8. The method of claim 7, wherein updating the first amplitude gain based on the first amplitude gain and a first maximum amplitude gain for the first audio frame comprises:

updating the first amplitude gain according to a minimum of the first amplitude gain and a first maximum amplitude gain of the first audio frame.

9. The method of claim 1, wherein determining the first amplitude gain for the first audio frame comprises:

determining a first average amplitude and a first maximum amplitude of the first audio frame according to the amplitude of each sampling point in the first audio frame;

determining a first average amplitude gain according to the first average amplitude and a preset average amplitude;

determining a first maximum amplitude gain according to the first maximum amplitude and a preset maximum amplitude;

and determining a first amplitude gain corresponding to the first audio frame according to the first average amplitude gain and the first maximum amplitude gain.

10. The method of claim 1, prior to said determining the first amplitude gain for the first audio frame, further comprising:

determining the voice existence probability of the first audio frame according to a preset voice existence algorithm;

and under the condition that the voice existence probability reaches a preset voice threshold value, triggering and executing the operation of determining the first amplitude gain corresponding to the first audio frame.

11. The method of claim 10, further comprising:

and under the condition that the voice existence probability does not reach a preset voice threshold value, adjusting the amplitude of the first audio frame based on a preset gain to obtain a target audio frame.

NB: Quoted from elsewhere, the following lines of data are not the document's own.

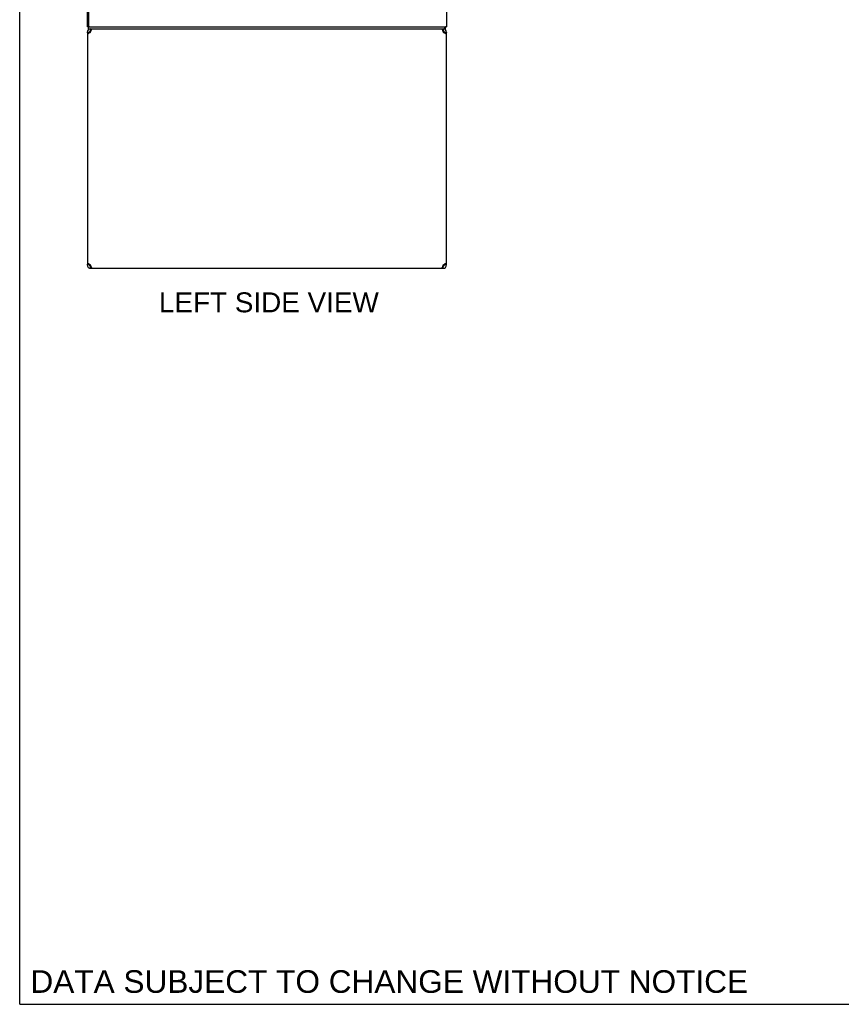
# Model space of a CAD drawing. Header units: inches. Extents: x 0 to 227, y 0 to 147.
# Tile 1 of 21: x 0 to 41, y 0 to 49. Entities that reach past the tile are written whole.
import ezdxf

# ---------------------------------------------------------------- set-up
doc = ezdxf.new("R2010")
doc.units = ezdxf.units.IN
doc.header["$LTSCALE"] = 12.466667
doc.header["$MEASUREMENT"] = 0
doc.layers.get('0').update_dxf_attribs({"linetype": 'CONTINUOUS'})
doc.layers.add('DIMENSIONS', color=7, linetype='CONTINUOUS')
doc.styles.get("Standard").update_dxf_attribs({"font": 'arial.ttf'})

msp = doc.modelspace()

# ---------------------------------------------------------------- linework, layer by layer
at = {"color": 7, "linetype": 'Continuous'}
for p, q in [((0, 0), (0, 146.667)), ((3.443, 48.985), (3.391, 48.985)), ((3.443, 48.881), (3.443, 48.985)), ((3.443, 48.881), (21.314, 48.881)), ((3.557, 48.881), (3.557, 48.777)), ((21.224, 48.881), (21.224, 48.777)), ((21.314, 48.881), (21.314, 48.985)), ((21.34, 48.978), (21.331, 48.985)), ((3.391, 48.714), (3.495, 48.714)), ((3.576, 48.777), (3.557, 48.777)), ((21.224, 48.777), (21.206, 48.777)), ((21.287, 48.714), (21.391, 48.714)), ((3.495, 37.047), (3.391, 37.047)), ((3.516, 37.001), (3.516, 37.074)), ((21.266, 37.001), (21.266, 37.074)), ((21.391, 37.047), (21.287, 37.047)), ((3.557, 36.985), (3.576, 36.985)), ((3.557, 36.881), (3.557, 36.985)), ((21.206, 36.985), (21.224, 36.985)), ((21.224, 36.881), (21.224, 36.985)), ((0, 0), (226.667, 0))]:
    msp.add_line(p, q, dxfattribs=at)
at = {"color": 3, "linetype": 'Continuous'}
for p, q in [((3.391, 48.985), (3.391, 108.777)), ((3.443, 108.714), (3.443, 49.047)), ((21.391, 108.777), (21.391, 48.985)), ((3.443, 48.985), (21.391, 48.985)), ((21.148, 48.881), (21.156, 48.879)), ((3.391, 48.714), (3.391, 37.047)), ((3.536, 48.701), (3.514, 48.687)), ((3.557, 48.714), (3.536, 48.701)), ((3.557, 48.714), (3.565, 48.74)), ((3.565, 48.74), (3.573, 48.766)), ((21.217, 48.74), (21.224, 48.714)), ((21.246, 48.701), (21.224, 48.714)), ((21.267, 48.687), (21.246, 48.701)), ((21.288, 48.673), (21.267, 48.687)), ((21.308, 48.659), (21.288, 48.673)), ((21.391, 37.047), (21.391, 48.714)), ((3.474, 37.102), (3.494, 37.088)), ((3.494, 37.088), (3.514, 37.075)), ((3.514, 37.075), (3.536, 37.061)), ((3.536, 37.061), (3.557, 37.047)), ((3.565, 37.021), (3.557, 37.047)), ((21.217, 37.021), (21.209, 36.996)), ((21.224, 37.047), (21.217, 37.021)), ((21.224, 37.047), (21.246, 37.061)), ((21.246, 37.061), (21.267, 37.075)), ((3.557, 36.881), (21.224, 36.881))]:
    msp.add_line(p, q, dxfattribs=at)
for points in [[(3.595, 48.832), (3.603, 48.849), (3.611, 48.863)], [(3.611, 48.863), (3.618, 48.873), (3.626, 48.879), (3.634, 48.881)], [(21.156, 48.879), (21.163, 48.873), (21.171, 48.863)], [(21.171, 48.863), (21.179, 48.849), (21.186, 48.832)], [(3.44, 48.632), (3.425, 48.646), (3.413, 48.659), (3.404, 48.673), (3.397, 48.687), (3.392, 48.701), (3.391, 48.714)], [(3.474, 48.659), (3.456, 48.646), (3.44, 48.632)], [(3.514, 48.687), (3.494, 48.673), (3.474, 48.659)], [(3.573, 48.766), (3.58, 48.79), (3.588, 48.812), (3.595, 48.832)], [(21.186, 48.832), (21.194, 48.812), (21.202, 48.79)], [(21.202, 48.79), (21.209, 48.766), (21.217, 48.74)], [(21.342, 48.632), (21.326, 48.646), (21.308, 48.659)], [(21.391, 48.714), (21.389, 48.701), (21.385, 48.687), (21.378, 48.673), (21.369, 48.659), (21.357, 48.646), (21.342, 48.632)], [(3.391, 37.047), (3.392, 37.061), (3.397, 37.075), (3.404, 37.088), (3.413, 37.102), (3.425, 37.116), (3.44, 37.13)], [(3.44, 37.13), (3.456, 37.116), (3.474, 37.102)], [(3.58, 36.972), (3.573, 36.996), (3.565, 37.021)], [(21.267, 37.075), (21.288, 37.088), (21.308, 37.102)], [(21.308, 37.102), (21.326, 37.116), (21.342, 37.13)], [(21.342, 37.13), (21.357, 37.116), (21.369, 37.102), (21.378, 37.088), (21.385, 37.075), (21.389, 37.061), (21.391, 37.047)], [(3.595, 36.93), (3.588, 36.949), (3.58, 36.972)], [(3.611, 36.899), (3.603, 36.913), (3.595, 36.93)], [(3.634, 36.881), (3.626, 36.883), (3.618, 36.889), (3.611, 36.899)], [(21.171, 36.899), (21.163, 36.889), (21.156, 36.883), (21.148, 36.881)], [(21.186, 36.93), (21.179, 36.913), (21.171, 36.899)], [(21.209, 36.996), (21.202, 36.972), (21.194, 36.949), (21.186, 36.93)]]:
    msp.add_lwpolyline(points, dxfattribs=at)
at = {"color": 7, "linetype": 'Continuous'}
for points in [[(21.326, 48.916), (21.326, 48.911), (21.325, 48.907), (21.325, 48.902), (21.324, 48.899), (21.324, 48.895), (21.323, 48.892), (21.322, 48.889), (21.321, 48.887), (21.32, 48.885), (21.319, 48.883), (21.318, 48.882), (21.316, 48.881), (21.315, 48.881), (21.314, 48.881)], [(21.34, 48.978), (21.339, 48.975), (21.337, 48.973), (21.336, 48.969), (21.334, 48.966), (21.333, 48.961), (21.331, 48.957), (21.33, 48.952), (21.329, 48.947), (21.329, 48.942), (21.328, 48.937), (21.328, 48.931), (21.327, 48.926), (21.326, 48.916)], [(3.499, 48.677), (3.497, 48.687), (3.495, 48.701), (3.495, 48.714)], [(21.287, 48.714), (21.286, 48.701), (21.285, 48.687)], [(3.495, 37.047), (3.495, 37.061), (3.497, 37.075)], [(21.283, 37.085), (21.285, 37.075), (21.286, 37.061), (21.287, 37.047)]]:
    msp.add_lwpolyline(points, dxfattribs=at)
at = {"color": 3, "linetype": 'Continuous'}
for centre, radius, start, end in [((3.557, 48.714), 0.167, 90, 180), ((3.505, 49.047), 0.0625, 180, 270), ((21.224, 48.714), 0.167, 0, 90), ((3.557, 37.047), 0.167, 180, 270), ((21.224, 37.047), 0.167, 270, 360)]:
    msp.add_arc(centre, radius, start, end, dxfattribs=at)
at = {"color": 7, "linetype": 'Continuous'}
for centre, radius, start, end in [((21.144, 49.127), 0.246, 322.6059, 324.6695), ((3.557, 48.714), 0.0625, 90, 180), ((21.224, 48.714), 0.0625, 0, 90), ((3.557, 37.047), 0.0625, 180, 270), ((21.224, 37.047), 0.0625, 270, 360)]:
    msp.add_arc(centre, radius, start, end, dxfattribs=at)

# ---------------------------------------------------------------- texts
at = {"layer": 'DIMENSIONS', "color": 2, "linetype": 'Continuous', "attachment_point": 2, "line_spacing_factor": 0.9}
for s, insert, char_height, width in [('LEFT SIDE VIEW', (12.49, 35.675), 1, 10.99628), ('DATA SUBJECT TO CHANGE WITHOUT NOTICE', (18.525, 1.708), 1.13333, 35.90434)]:
    msp.add_mtext(s, dxfattribs=dict(at, insert=insert, char_height=char_height, width=width))

doc.saveas('drawing.dxf')

12. An audio frame processing apparatus, comprising:

13. An electronic device, characterized in that the electronic device comprises:

one or more processors;

a storage device for storing one or more programs,

when executed by the one or more processors, cause the one or more processors to implement the audio frame processing method of any of claims 1-11.

14. A computer-readable storage medium, on which a computer program is stored, which, when being executed by a processor, carries out an audio frame processing method according to any one of claims 1 to 11.